The six forms were marshalled in squares down the centre of the drill-hall, Form I, with Robert Stonehouse at the bottom, holding the place of dishonour under the shadow of the Headmaster’s rostrum. Robert did not know that he was at the bottom of Form I, or that such a thing as Form I existed. He did not know that he was older than the eldest of his class-mates, but he was aware of being unusually and uncomfortably large. Under the curious stare that had greeted him on his first appearance and which now pressed on him from the rear and sides, he felt himself shoot up, inch by inch, into a horrible conspicuousness, whilst his feet grew flat and leaden, and his hands were too swollen to squeeze into his trousers pockets.
“. . . we have left undone those things which we ought to have done and we have done those things which we ought not to have done . . .”
He wondered what they were saying. It sounded rather like one of those tongue-twisters which his father had taught him in a playful moment—“round the rugged rock the ragged robber ran”—but it was evidently no joking matter. And it was something which everyone knew except himself. The urchin on his left piped it out in an assured, self-satisfied treble.
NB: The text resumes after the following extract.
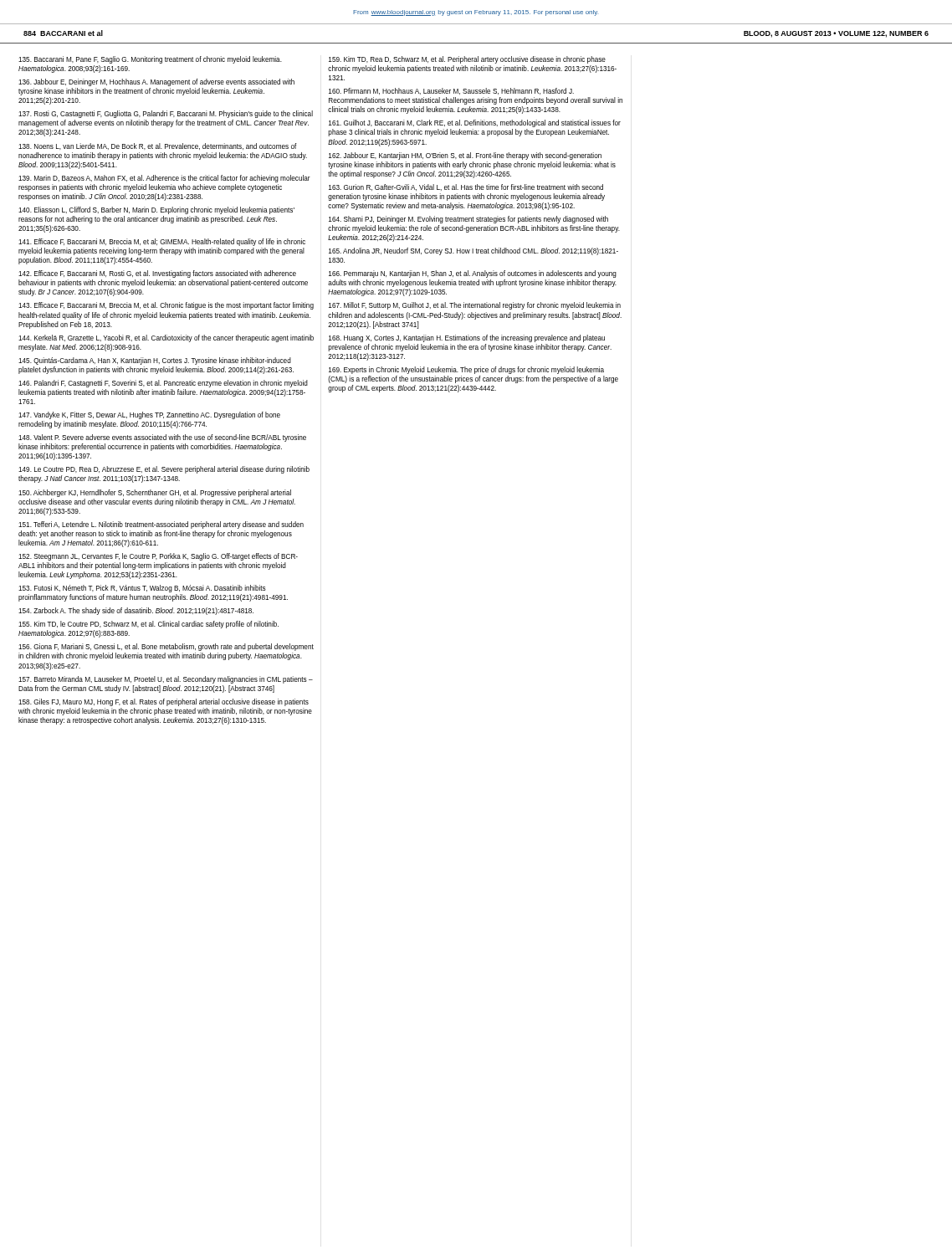Locate the block of text that opens with "157. Barreto Miranda M,"

pyautogui.click(x=165, y=684)
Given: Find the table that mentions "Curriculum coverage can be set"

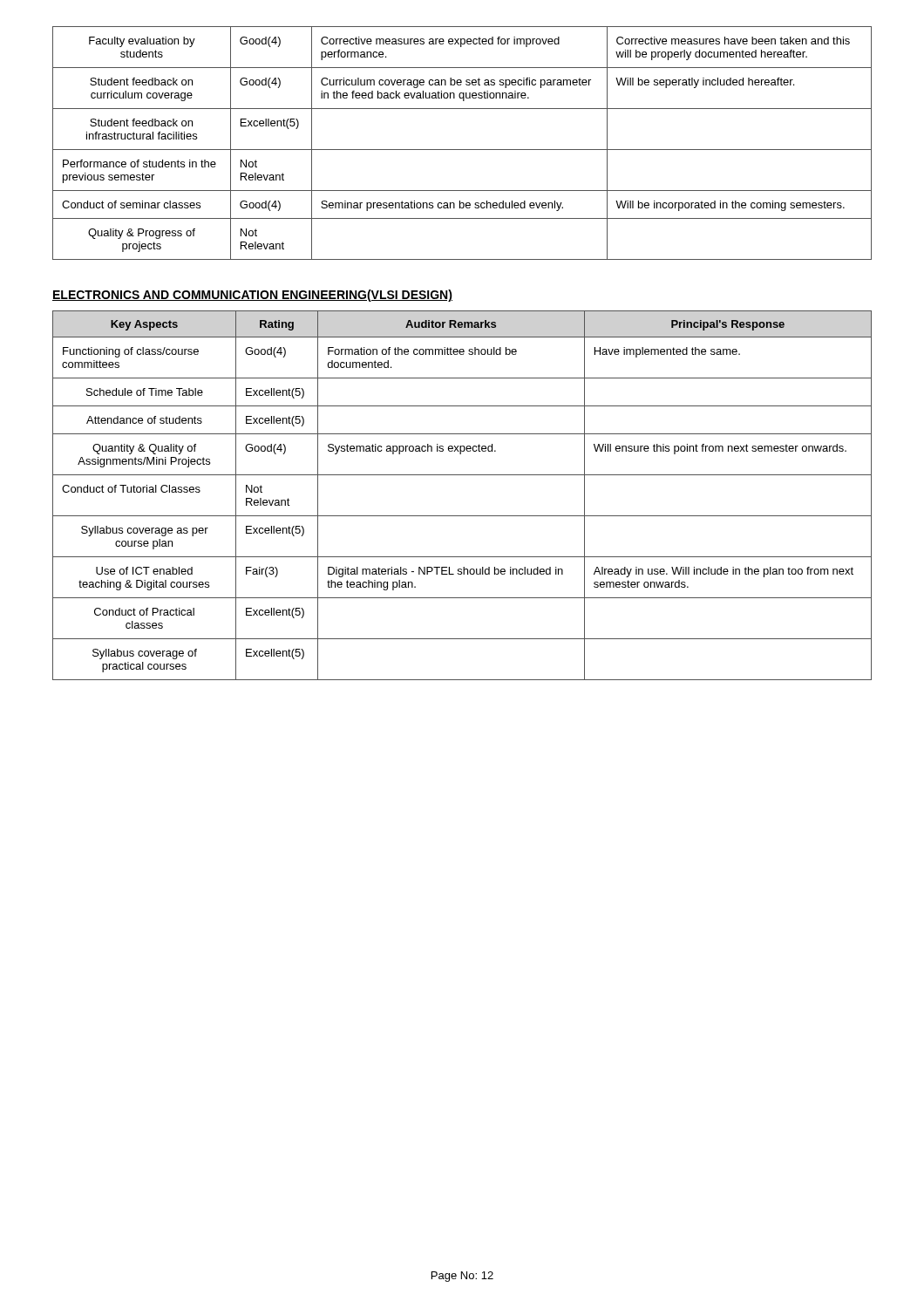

The clergyman kneeling behind the raised desk came in with a bang at the beginning of each sentence, and then subsided into an indistinguishable murmur. Evidently he knew what he was saying so well that he did not need even to think about it, for his eyes wandered over his folded hands as though in methodical search for somebody. They reached Form I, and Robert, who saw them coming, broke instinctively into a panic-stricken gabble. Of all the poems which Christine had read aloud to him, Casablanca was the only one he could remember, and he had got as far as “whence all but he had fled” before he saw that it was of no good. The subterfuge had been recognized. The clergyman had stopped praying and was gazing at him earnestly. Robert gazed back, fascinated and open-mouthed.
“. . . and there is no health in us . . .”
But the strain of that encounter was too much for him. He tried to escape, first to the ceiling and finally to his boots. The stare pursued him, pointed at him. In a moment the whole school would be on his track. His eyes, rolling desperately to their corners, encountered a little dark man who had led in Form I and now stood sideways on, so as to keep his charge under constant survey. Even in that moment of acute despair he arrested Robert’s attention. There was something odd about him—something distressful and indignant. Whilst he prayed he made jerky, irritable movements which fluttered out the wings of his gown, so that with his sleek black hair and pointed face he looked like a large angry blackbird, trapped and tied by the foot.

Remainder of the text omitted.